(October 17, 2014)
Elihu is an interesting character in Job. Of all the characters, he alone escapes the criticism from the Lord at the end. Job is criticized for asking in ignorance (not even understanding the question he is asking). The other three elders are criticized and called to sacrifice for their words. But Elihu is not – lending substantial weight to the words that he is saying.
And in that light, we see that his words are profound and important. He points out that when tragedy strikes, our first question should not be “why me?”, but rather “where is my sin and how can I repent?”. This is the case even with a man such as Job – one upright in all things.

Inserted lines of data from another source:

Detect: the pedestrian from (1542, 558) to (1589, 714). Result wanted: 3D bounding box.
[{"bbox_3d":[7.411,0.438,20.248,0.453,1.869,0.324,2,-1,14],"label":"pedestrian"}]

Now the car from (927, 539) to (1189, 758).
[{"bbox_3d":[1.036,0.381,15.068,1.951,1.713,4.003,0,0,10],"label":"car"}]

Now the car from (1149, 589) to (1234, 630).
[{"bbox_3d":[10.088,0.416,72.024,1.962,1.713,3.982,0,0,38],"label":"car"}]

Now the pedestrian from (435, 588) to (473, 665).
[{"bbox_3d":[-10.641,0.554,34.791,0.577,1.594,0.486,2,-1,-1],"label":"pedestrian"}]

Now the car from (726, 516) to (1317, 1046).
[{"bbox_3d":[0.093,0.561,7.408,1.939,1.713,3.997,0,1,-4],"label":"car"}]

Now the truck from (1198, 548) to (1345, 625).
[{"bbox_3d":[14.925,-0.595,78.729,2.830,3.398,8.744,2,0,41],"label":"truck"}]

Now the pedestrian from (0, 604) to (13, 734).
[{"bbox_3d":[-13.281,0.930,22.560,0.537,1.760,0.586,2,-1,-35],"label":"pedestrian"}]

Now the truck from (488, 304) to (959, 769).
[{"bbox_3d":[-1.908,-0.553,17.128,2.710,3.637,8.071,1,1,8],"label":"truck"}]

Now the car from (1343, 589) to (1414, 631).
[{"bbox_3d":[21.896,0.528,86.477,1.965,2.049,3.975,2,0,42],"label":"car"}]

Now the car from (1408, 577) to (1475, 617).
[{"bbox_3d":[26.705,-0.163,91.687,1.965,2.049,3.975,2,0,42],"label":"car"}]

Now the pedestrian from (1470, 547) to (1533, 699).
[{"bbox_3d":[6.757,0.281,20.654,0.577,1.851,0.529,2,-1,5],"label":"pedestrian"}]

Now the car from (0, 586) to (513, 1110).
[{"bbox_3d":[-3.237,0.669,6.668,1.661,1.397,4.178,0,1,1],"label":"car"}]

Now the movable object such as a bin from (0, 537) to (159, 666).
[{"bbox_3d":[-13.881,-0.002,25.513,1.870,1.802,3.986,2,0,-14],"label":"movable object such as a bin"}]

The Lord does not idly cause us to suffer. Even when our suffering is the natural consequence of the actions (or even the sins) of others, the Lord is perfectly just and not a tear from our eyes will be wasted. Joseph Smith was certainly innocent of wrongdoing when he was imprisoned in Liberty Jail, and his captors were unquestionably evil. And yet the Lord promised Joseph that all of these things would work out for his good.
Holland spoke of how that
happened. He spoke of Liberty Jail as a temple-prison, and the
changes that were brought about in Joseph (and the Church) as a result of his
imprisonment. Understanding that this
change constituted repentance (as does all change for the better), we can take
courage in our suffering to know that our pain is an invitation from the Lord
We can, as Elihu counsels, call upon the Lord to teach us that which we see not – those defects in our individual characters that need repentance to be healed – and we are then invited, as was Job, where we have done iniquity to do it no more.